#### What to do:
Every line of the data that contains the string "shift" must be copied.

#### Stored records:

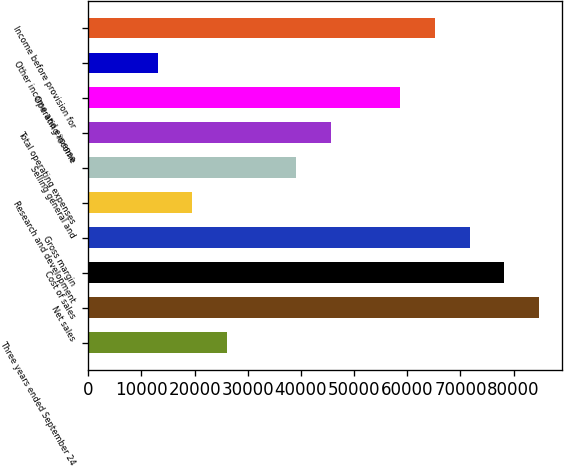Convert chart to OTSL. <chart><loc_0><loc_0><loc_500><loc_500><bar_chart><fcel>Three years ended September 24<fcel>Net sales<fcel>Cost of sales<fcel>Gross margin<fcel>Research and development<fcel>Selling general and<fcel>Total operating expenses<fcel>Operating income<fcel>Other income and expense<fcel>Income before provision for<nl><fcel>26099.1<fcel>84788<fcel>78267<fcel>71746<fcel>19578.1<fcel>39141.1<fcel>45662.1<fcel>58704<fcel>13057.1<fcel>65225<nl></chart> 
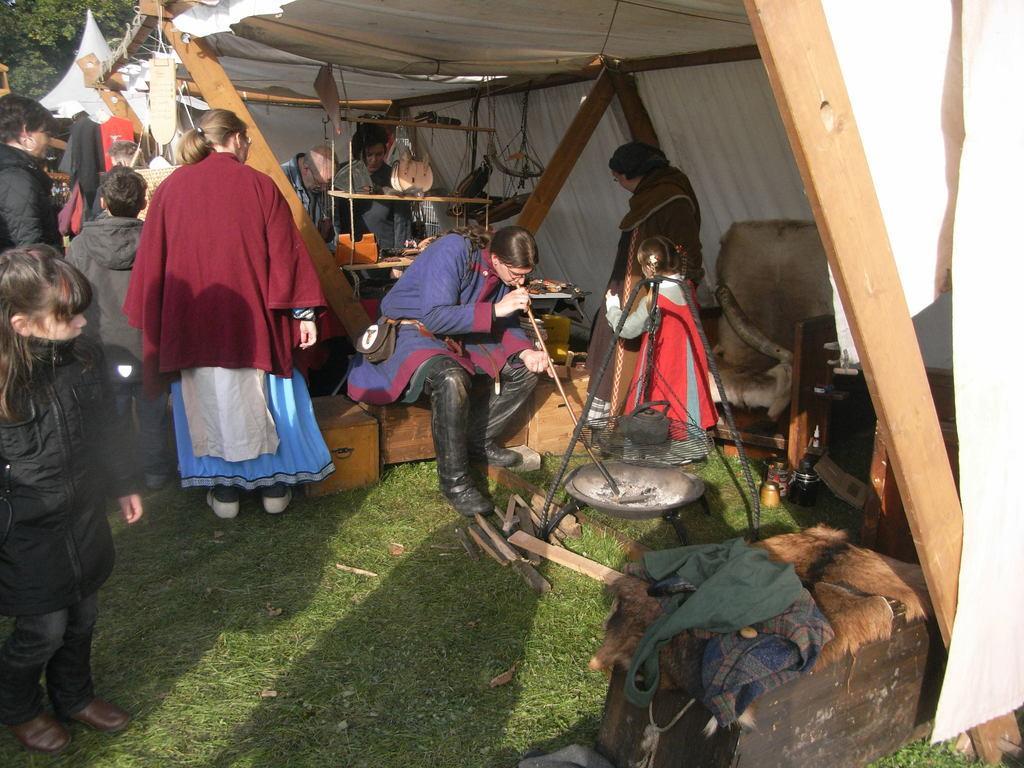Can you describe this image briefly? In this image I can see group of people, some are standing and some are sitting. In front the person is wearing maroon, white and blue color dress and I can few objects. In the background the tent is in white color, few trees in green color. 
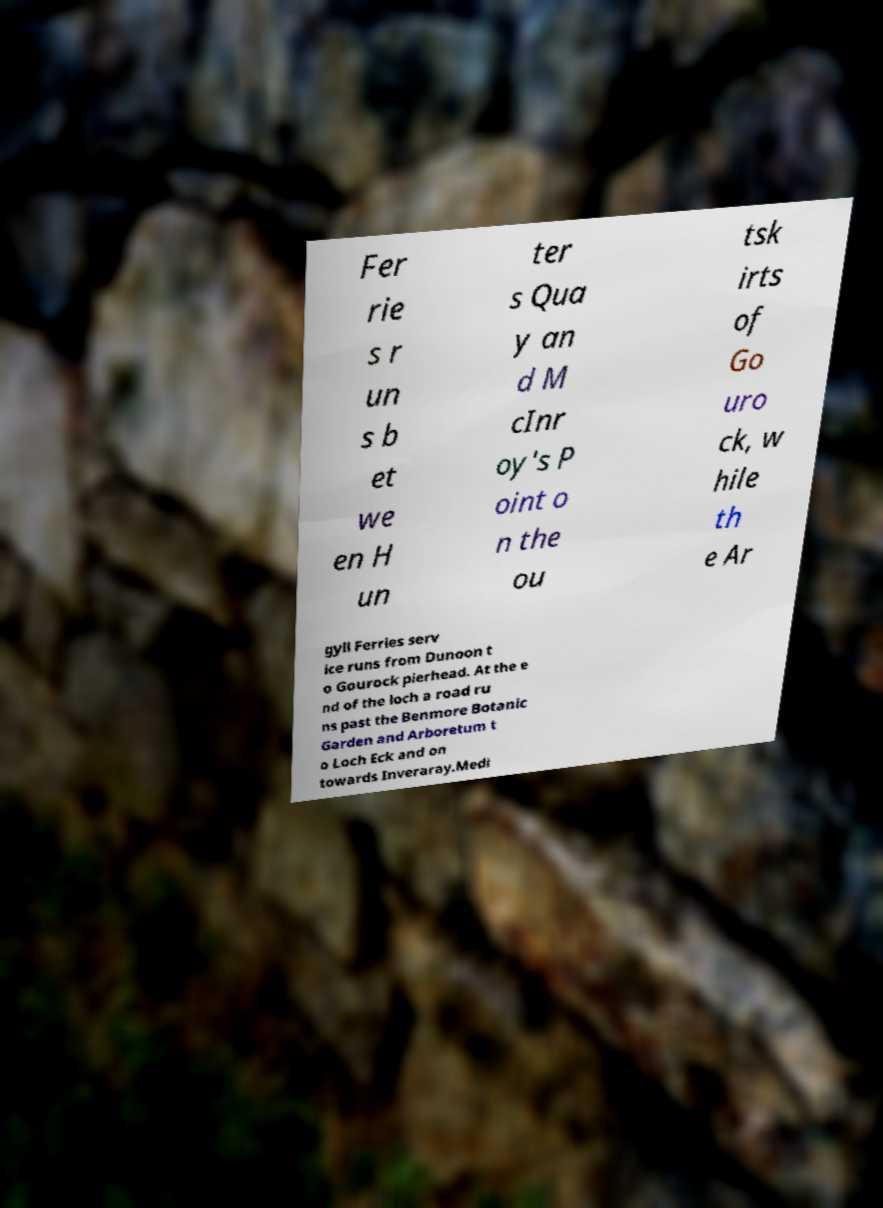Could you extract and type out the text from this image? Fer rie s r un s b et we en H un ter s Qua y an d M cInr oy's P oint o n the ou tsk irts of Go uro ck, w hile th e Ar gyll Ferries serv ice runs from Dunoon t o Gourock pierhead. At the e nd of the loch a road ru ns past the Benmore Botanic Garden and Arboretum t o Loch Eck and on towards Inveraray.Medi 
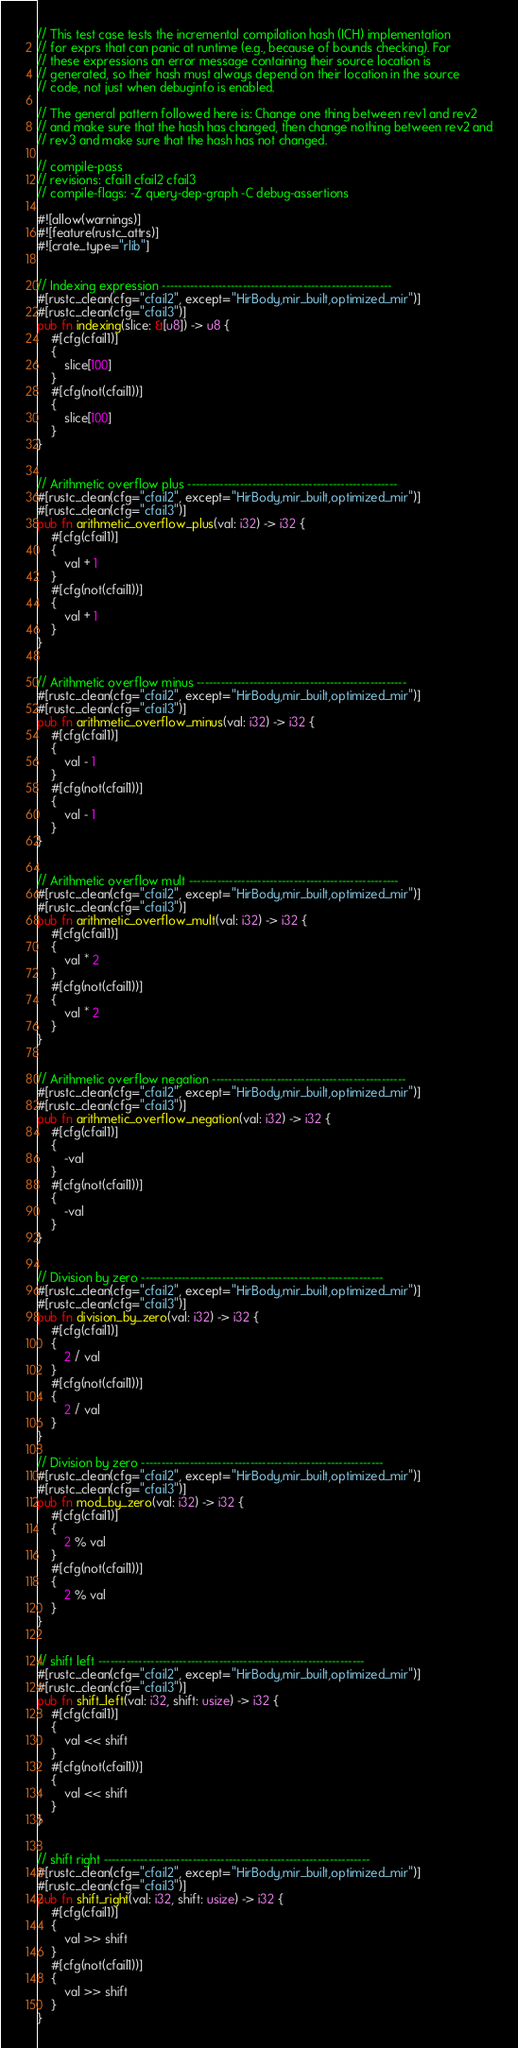Convert code to text. <code><loc_0><loc_0><loc_500><loc_500><_Rust_>// This test case tests the incremental compilation hash (ICH) implementation
// for exprs that can panic at runtime (e.g., because of bounds checking). For
// these expressions an error message containing their source location is
// generated, so their hash must always depend on their location in the source
// code, not just when debuginfo is enabled.

// The general pattern followed here is: Change one thing between rev1 and rev2
// and make sure that the hash has changed, then change nothing between rev2 and
// rev3 and make sure that the hash has not changed.

// compile-pass
// revisions: cfail1 cfail2 cfail3
// compile-flags: -Z query-dep-graph -C debug-assertions

#![allow(warnings)]
#![feature(rustc_attrs)]
#![crate_type="rlib"]


// Indexing expression ---------------------------------------------------------
#[rustc_clean(cfg="cfail2", except="HirBody,mir_built,optimized_mir")]
#[rustc_clean(cfg="cfail3")]
pub fn indexing(slice: &[u8]) -> u8 {
    #[cfg(cfail1)]
    {
        slice[100]
    }
    #[cfg(not(cfail1))]
    {
        slice[100]
    }
}


// Arithmetic overflow plus ----------------------------------------------------
#[rustc_clean(cfg="cfail2", except="HirBody,mir_built,optimized_mir")]
#[rustc_clean(cfg="cfail3")]
pub fn arithmetic_overflow_plus(val: i32) -> i32 {
    #[cfg(cfail1)]
    {
        val + 1
    }
    #[cfg(not(cfail1))]
    {
        val + 1
    }
}


// Arithmetic overflow minus ----------------------------------------------------
#[rustc_clean(cfg="cfail2", except="HirBody,mir_built,optimized_mir")]
#[rustc_clean(cfg="cfail3")]
pub fn arithmetic_overflow_minus(val: i32) -> i32 {
    #[cfg(cfail1)]
    {
        val - 1
    }
    #[cfg(not(cfail1))]
    {
        val - 1
    }
}


// Arithmetic overflow mult ----------------------------------------------------
#[rustc_clean(cfg="cfail2", except="HirBody,mir_built,optimized_mir")]
#[rustc_clean(cfg="cfail3")]
pub fn arithmetic_overflow_mult(val: i32) -> i32 {
    #[cfg(cfail1)]
    {
        val * 2
    }
    #[cfg(not(cfail1))]
    {
        val * 2
    }
}


// Arithmetic overflow negation ------------------------------------------------
#[rustc_clean(cfg="cfail2", except="HirBody,mir_built,optimized_mir")]
#[rustc_clean(cfg="cfail3")]
pub fn arithmetic_overflow_negation(val: i32) -> i32 {
    #[cfg(cfail1)]
    {
        -val
    }
    #[cfg(not(cfail1))]
    {
        -val
    }
}


// Division by zero ------------------------------------------------------------
#[rustc_clean(cfg="cfail2", except="HirBody,mir_built,optimized_mir")]
#[rustc_clean(cfg="cfail3")]
pub fn division_by_zero(val: i32) -> i32 {
    #[cfg(cfail1)]
    {
        2 / val
    }
    #[cfg(not(cfail1))]
    {
        2 / val
    }
}

// Division by zero ------------------------------------------------------------
#[rustc_clean(cfg="cfail2", except="HirBody,mir_built,optimized_mir")]
#[rustc_clean(cfg="cfail3")]
pub fn mod_by_zero(val: i32) -> i32 {
    #[cfg(cfail1)]
    {
        2 % val
    }
    #[cfg(not(cfail1))]
    {
        2 % val
    }
}


// shift left ------------------------------------------------------------------
#[rustc_clean(cfg="cfail2", except="HirBody,mir_built,optimized_mir")]
#[rustc_clean(cfg="cfail3")]
pub fn shift_left(val: i32, shift: usize) -> i32 {
    #[cfg(cfail1)]
    {
        val << shift
    }
    #[cfg(not(cfail1))]
    {
        val << shift
    }
}


// shift right ------------------------------------------------------------------
#[rustc_clean(cfg="cfail2", except="HirBody,mir_built,optimized_mir")]
#[rustc_clean(cfg="cfail3")]
pub fn shift_right(val: i32, shift: usize) -> i32 {
    #[cfg(cfail1)]
    {
        val >> shift
    }
    #[cfg(not(cfail1))]
    {
        val >> shift
    }
}
</code>

#### Output of the exercise:
// shift left ------------------------------------------------------------------
pub fn shift_left(val: i32, shift: usize) -> i32 {
        val << shift
        val << shift
// shift right ------------------------------------------------------------------
pub fn shift_right(val: i32, shift: usize) -> i32 {
        val >> shift
        val >> shift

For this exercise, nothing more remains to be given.